Laocoön (; , , gen.: ), is a figure in Greek and Roman mythology and the Epic Cycle. Laocoon was a Trojan priest. He and his two young sons were attacked by giant serpents, sent by the gods. The story of Laocoön has been the subject of numerous artists, both in ancient and in more contemporary times.

Family
Laocoön was variously called as the son of Acoetes, Antenor, or Poseidon; or the son of Priam and Hecuba.
He had two sons.

Death

The most detailed description of Laocoön's grisly fate was provided by Quintus Smyrnaeus in Posthomerica, a later, literary version of events following the Iliad. According to Quintus, Laocoön begged the Trojans to set fire to the Trojan horse to ensure it was not a trick.

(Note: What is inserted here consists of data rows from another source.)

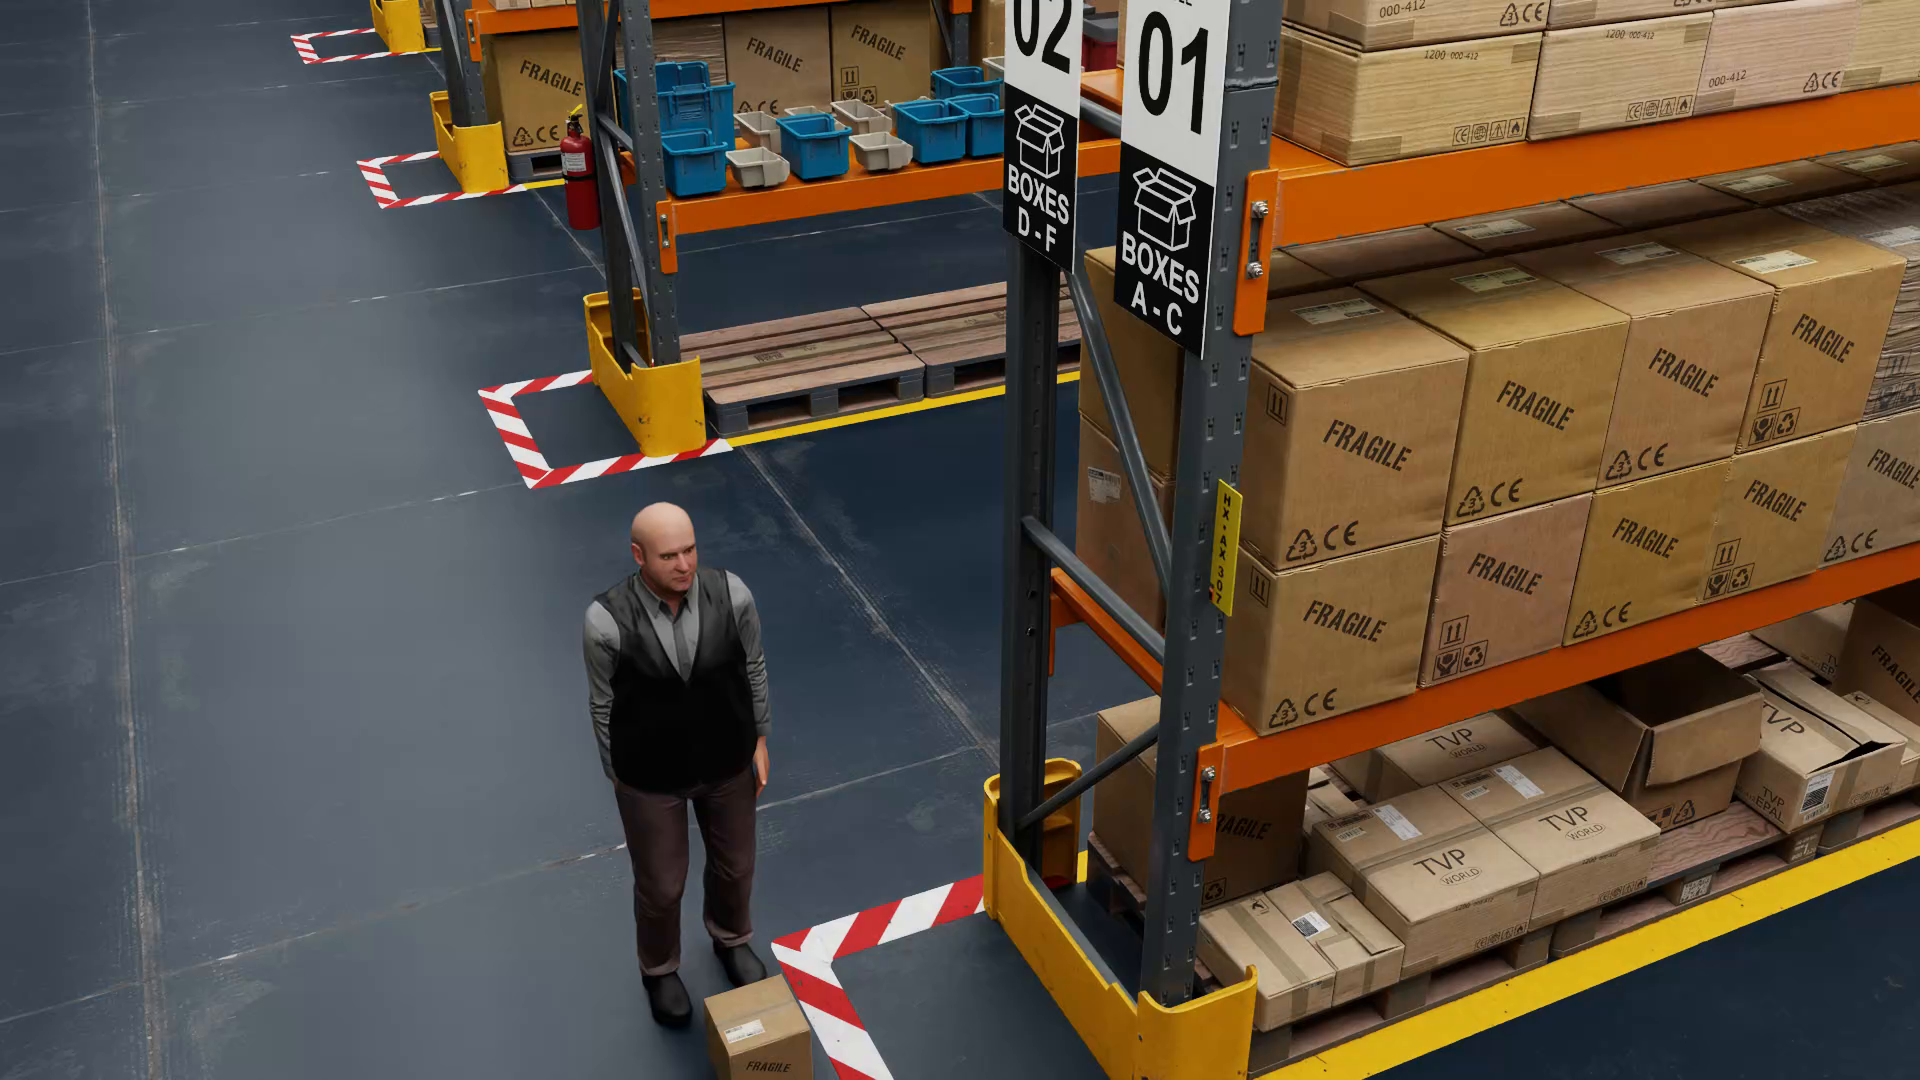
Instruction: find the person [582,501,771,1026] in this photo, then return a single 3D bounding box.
[{"bbox_3d":[-0.807,0.671,4.966,0.532,1.719,0.360,-14,32,-23],"label":"person"}]
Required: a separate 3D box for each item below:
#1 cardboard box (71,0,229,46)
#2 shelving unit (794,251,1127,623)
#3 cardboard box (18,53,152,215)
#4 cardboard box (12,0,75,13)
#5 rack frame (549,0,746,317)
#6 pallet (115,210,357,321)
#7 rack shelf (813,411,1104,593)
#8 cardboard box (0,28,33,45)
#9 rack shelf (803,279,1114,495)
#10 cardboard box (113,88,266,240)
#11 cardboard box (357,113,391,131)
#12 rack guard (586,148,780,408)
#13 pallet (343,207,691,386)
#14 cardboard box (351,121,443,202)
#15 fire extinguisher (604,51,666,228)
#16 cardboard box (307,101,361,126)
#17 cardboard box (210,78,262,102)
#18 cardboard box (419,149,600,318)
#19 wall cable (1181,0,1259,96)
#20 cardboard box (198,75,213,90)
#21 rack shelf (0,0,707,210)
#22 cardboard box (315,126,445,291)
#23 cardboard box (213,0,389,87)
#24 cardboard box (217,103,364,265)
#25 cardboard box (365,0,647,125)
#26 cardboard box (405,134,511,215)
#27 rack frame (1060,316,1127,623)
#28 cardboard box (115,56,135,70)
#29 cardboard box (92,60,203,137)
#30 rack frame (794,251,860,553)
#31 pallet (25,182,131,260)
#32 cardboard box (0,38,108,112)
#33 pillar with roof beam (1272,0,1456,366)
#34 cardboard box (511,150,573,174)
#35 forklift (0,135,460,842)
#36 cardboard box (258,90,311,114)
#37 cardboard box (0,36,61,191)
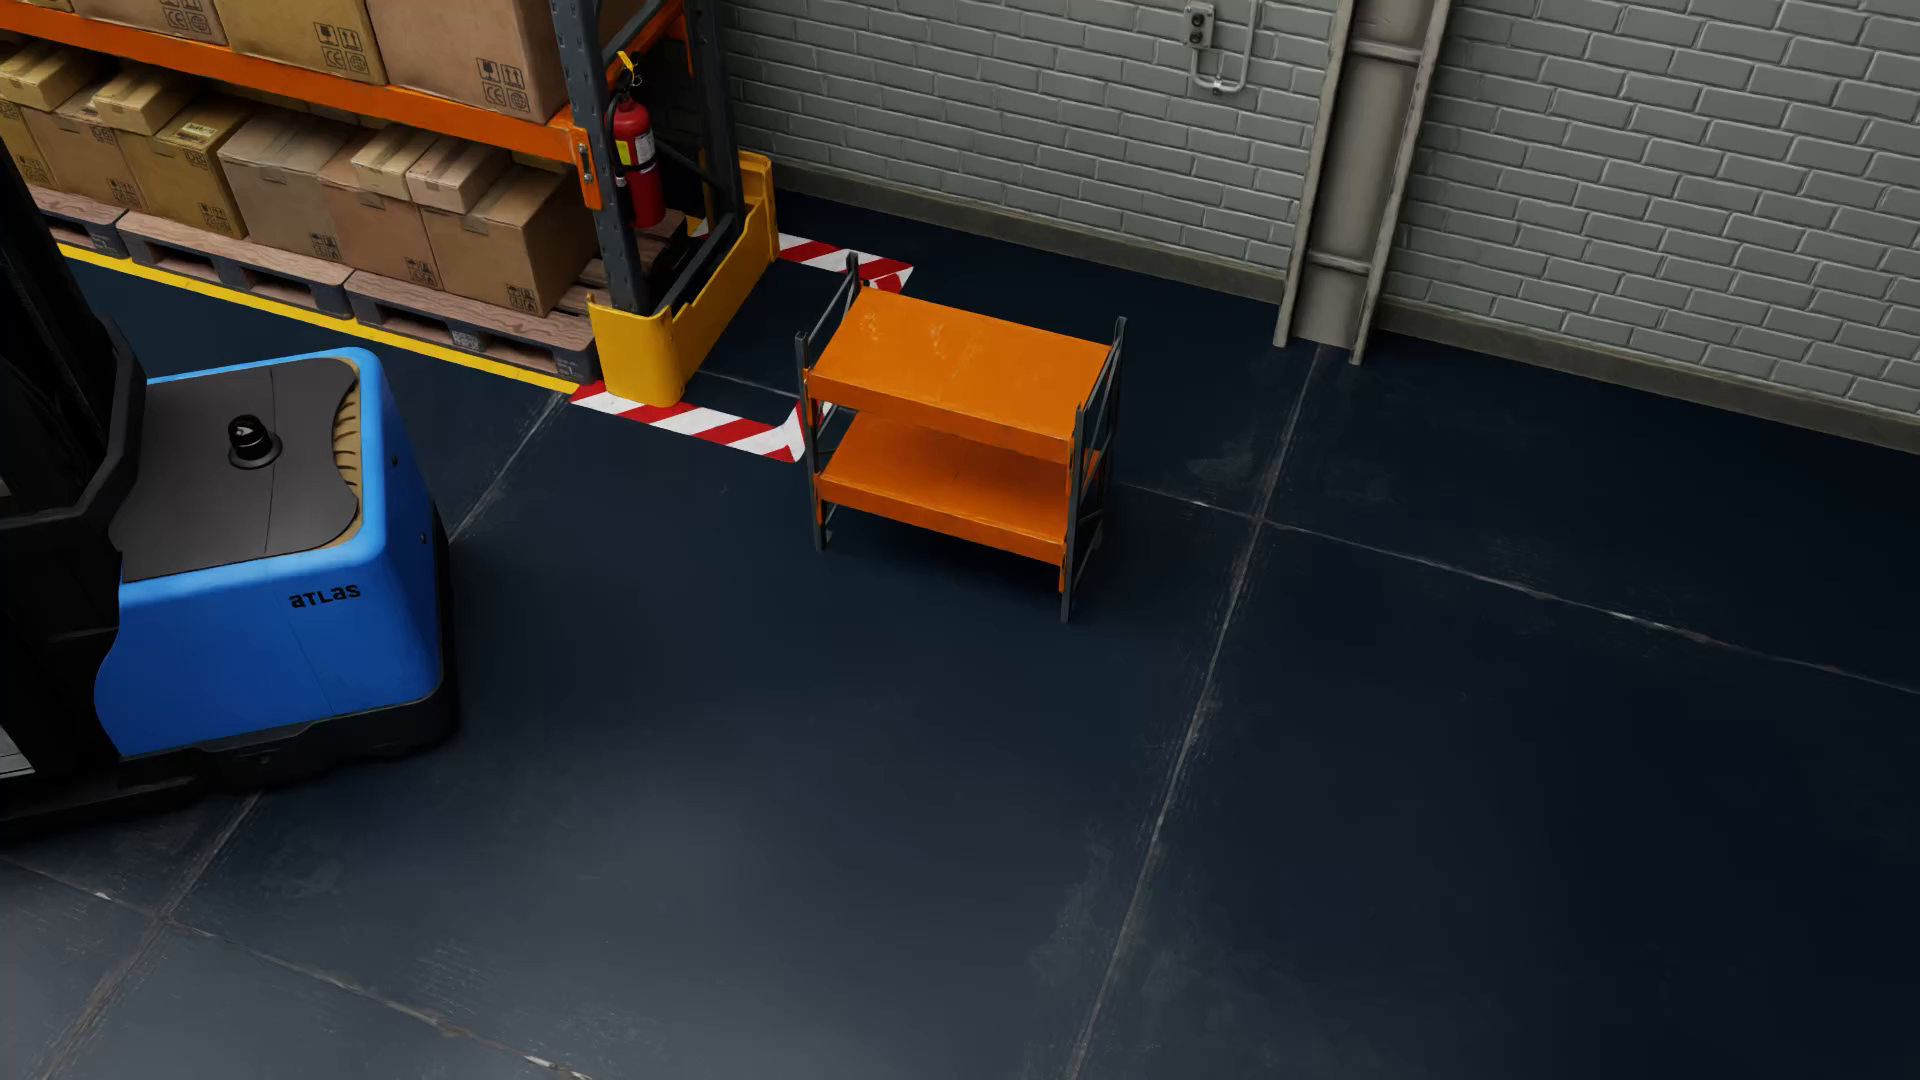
[{"bbox_3d":[-3.090,-2.611,6.696,0.700,0.700,0.980,13,50,11],"label":"cardboard box"},{"bbox_3d":[0.006,-0.367,6.190,1.048,1.125,0.538,16,51,13],"label":"shelving unit"},{"bbox_3d":[-3.826,-1.962,7.708,0.500,0.500,0.700,15,51,13],"label":"cardboard box"},{"bbox_3d":[-3.776,-2.795,6.855,0.700,0.700,0.980,14,51,12],"label":"cardboard box"},{"bbox_3d":[-1.210,-1.998,6.363,0.127,3.000,1.000,16,51,13],"label":"rack frame"},{"bbox_3d":[-3.128,-1.559,7.828,1.213,0.211,1.003,16,51,13],"label":"pallet"},{"bbox_3d":[0.006,-0.206,6.375,1.000,0.278,0.538,16,51,13],"label":"rack shelf"},{"bbox_3d":[-4.363,-2.487,7.734,0.250,0.149,0.380,15,51,13],"label":"cardboard box"},{"bbox_3d":[0.006,-0.558,5.969,1.000,0.278,0.538,16,51,13],"label":"rack shelf"},{"bbox_3d":[-3.345,-1.826,7.590,0.500,0.500,0.700,17,51,14],"label":"cardboard box"},{"bbox_3d":[-2.425,-1.948,7.267,0.250,0.149,0.380,16,51,13],"label":"cardboard box"},{"bbox_3d":[-1.187,-1.173,7.302,0.348,0.500,1.175,16,51,13],"label":"rack guard"},{"bbox_3d":[-1.987,-1.238,7.550,1.213,0.211,1.003,16,51,13],"label":"pallet"},{"bbox_3d":[-2.325,-1.612,6.976,0.250,0.149,0.380,17,51,14],"label":"cardboard box"},{"bbox_3d":[-1.228,-1.484,6.215,0.183,0.674,0.296,16,51,13],"label":"fire extinguisher"},{"bbox_3d":[-2.664,-2.015,7.325,0.250,0.149,0.380,16,51,14],"label":"cardboard box"},{"bbox_3d":[-3.142,-2.148,7.440,0.250,0.149,0.380,15,51,12],"label":"cardboard box"},{"bbox_3d":[-1.901,-1.429,7.246,0.500,0.500,0.700,16,51,13],"label":"cardboard box"},{"bbox_3d":[0.319,-2.666,6.270,1.851,1.984,0.084,16,51,13],"label":"wall cable"},{"bbox_3d":[-3.384,-2.215,7.498,0.250,0.149,0.380,16,51,14],"label":"cardboard box"},{"bbox_3d":[-3.086,-2.286,7.089,4.000,0.370,1.077,16,51,13],"label":"rack shelf"},{"bbox_3d":[-2.371,-1.560,7.360,0.500,0.500,0.700,15,51,13],"label":"cardboard box"},{"bbox_3d":[-2.378,-2.405,6.518,0.700,0.700,0.980,15,51,13],"label":"cardboard box"},{"bbox_3d":[-2.843,-1.691,7.474,0.500,0.500,0.700,14,51,12],"label":"cardboard box"},{"bbox_3d":[-1.692,-2.222,6.359,0.700,0.700,0.980,18,51,15],"label":"cardboard box"},{"bbox_3d":[-2.085,-1.546,6.918,0.250,0.149,0.380,15,51,13],"label":"cardboard box"},{"bbox_3d":[0.483,-0.234,6.075,0.032,1.125,0.500,16,51,13],"label":"rack frame"},{"bbox_3d":[-3.621,-2.282,7.556,0.250,0.149,0.380,14,51,12],"label":"cardboard box"},{"bbox_3d":[-3.548,-1.952,7.271,0.250,0.149,0.380,14,51,12],"label":"cardboard box"},{"bbox_3d":[-0.471,-0.500,6.305,0.032,1.125,0.500,16,51,13],"label":"rack frame"},{"bbox_3d":[-4.276,-1.877,8.104,1.213,0.211,1.003,16,51,13],"label":"pallet"},{"bbox_3d":[-4.038,-2.089,7.389,0.250,0.149,0.380,17,51,14],"label":"cardboard box"},{"bbox_3d":[0.131,-0.817,1.370,0.400,9.000,9.100,16,51,13],"label":"pillar with roof beam"},{"bbox_3d":[-1.715,-1.750,7.096,0.250,0.149,0.380,16,51,13],"label":"cardboard box"},{"bbox_3d":[-3.372,-0.319,4.954,3.031,2.935,1.130,-11,50,-9],"label":"forklift"},{"bbox_3d":[-2.905,-2.081,7.382,0.250,0.149,0.380,16,51,13],"label":"cardboard box"},{"bbox_3d":[-4.296,-2.096,7.824,0.500,0.500,0.700,16,51,14],"label":"cardboard box"}]
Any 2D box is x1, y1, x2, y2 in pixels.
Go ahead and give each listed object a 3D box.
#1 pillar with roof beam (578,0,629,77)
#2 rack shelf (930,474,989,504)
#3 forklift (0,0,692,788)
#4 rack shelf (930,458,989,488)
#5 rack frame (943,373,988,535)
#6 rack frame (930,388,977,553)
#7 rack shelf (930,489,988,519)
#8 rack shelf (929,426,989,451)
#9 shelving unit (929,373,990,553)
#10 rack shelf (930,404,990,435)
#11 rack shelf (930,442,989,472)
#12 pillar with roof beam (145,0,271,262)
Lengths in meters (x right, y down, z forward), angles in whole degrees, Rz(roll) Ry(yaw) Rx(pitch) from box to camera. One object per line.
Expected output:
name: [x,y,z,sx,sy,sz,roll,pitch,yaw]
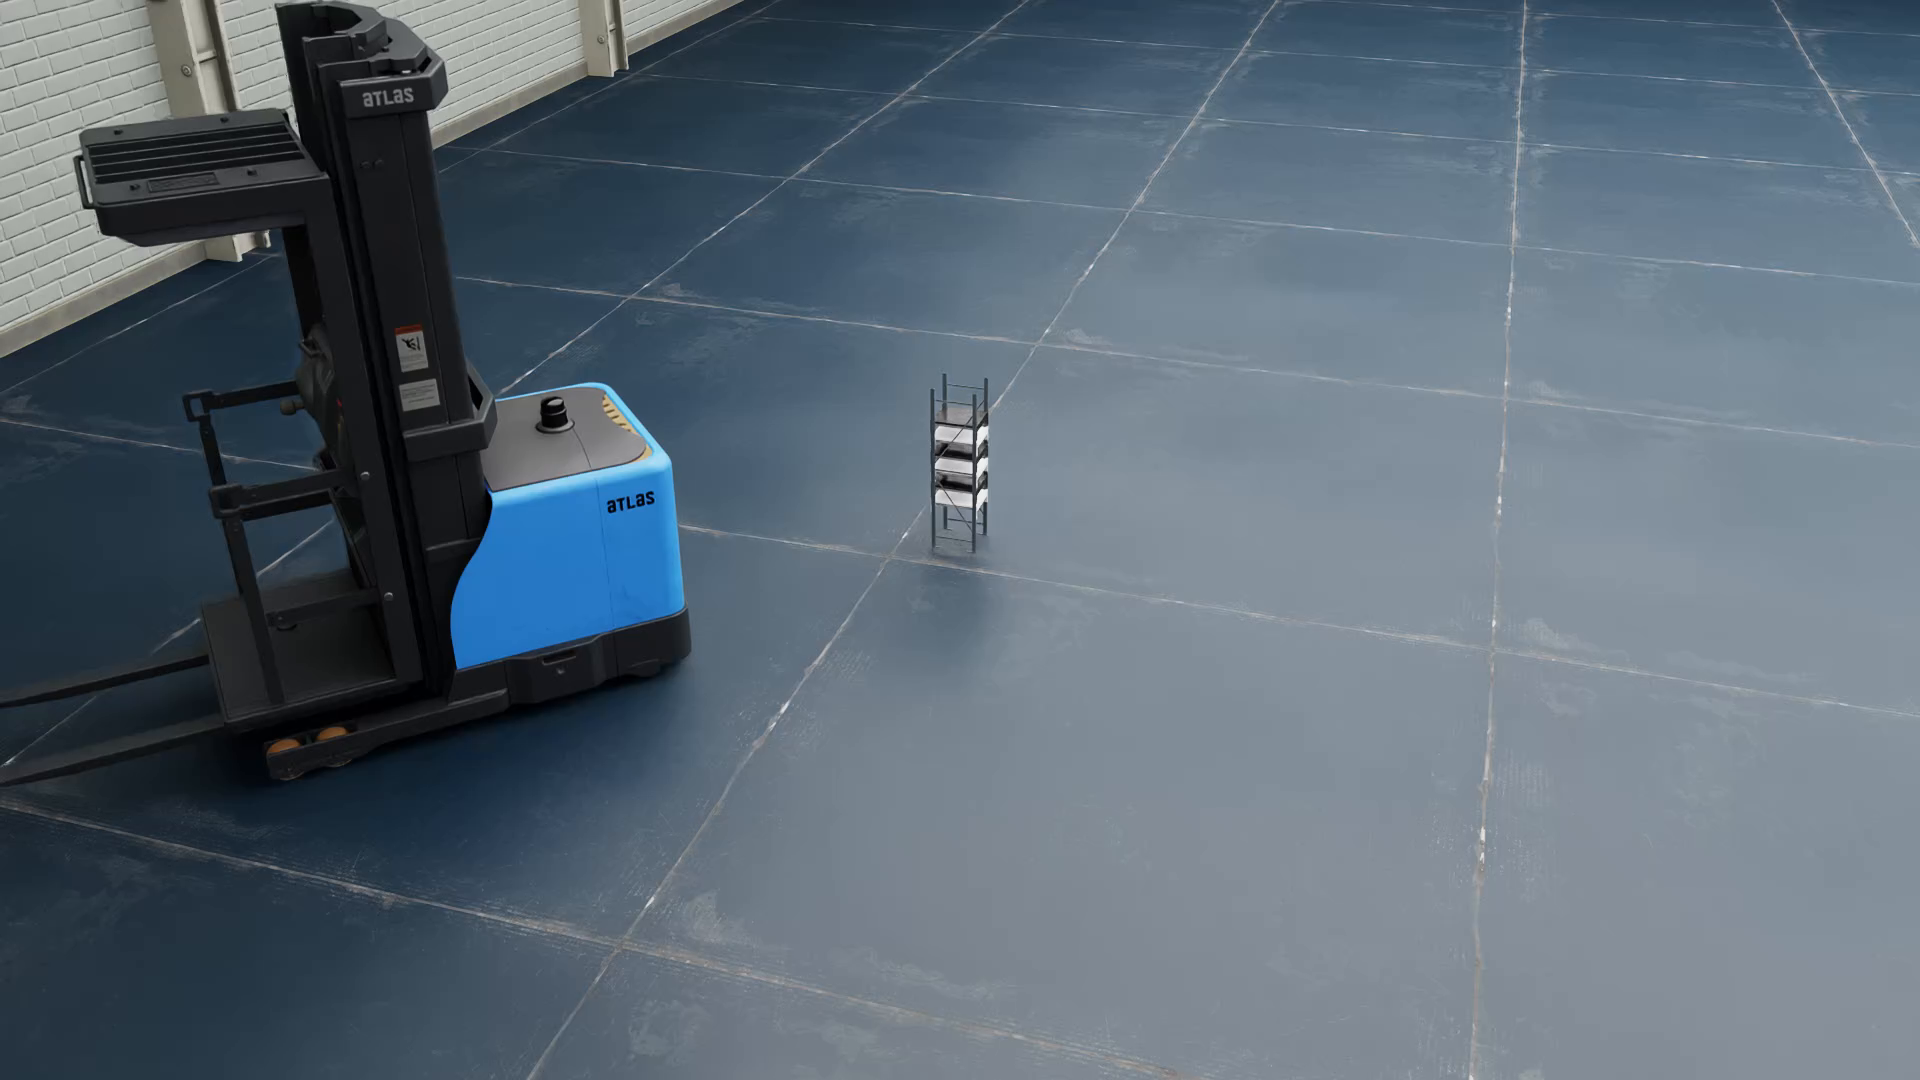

Athena, angry with him and the Trojans, shook the ground around Laocoön's feet and painfully blinded him. The Trojans, watching this unfold, assumed Laocoön was punished for the Trojans' mutilating and doubting Sinon, the undercover Greek soldier sent to convince the Trojans to let him and the horse inside their city walls. Thus, the Trojans wheeled the great wooden horse in. Laocoön did not give up trying to convince the Trojans to burn the horse.

According to one source, it was Athena who punished Laocoön even further, by sending two giant sea serpents to strangle and kill him and his two sons. Another version of the story says that it was Poseidon who sent the sea serpents to kill them. And according to Apollodorus, it was Apollo who sent the two sea serpents, because Laocoön had insulted Apollo by sleeping with his wife in front of his cult statue.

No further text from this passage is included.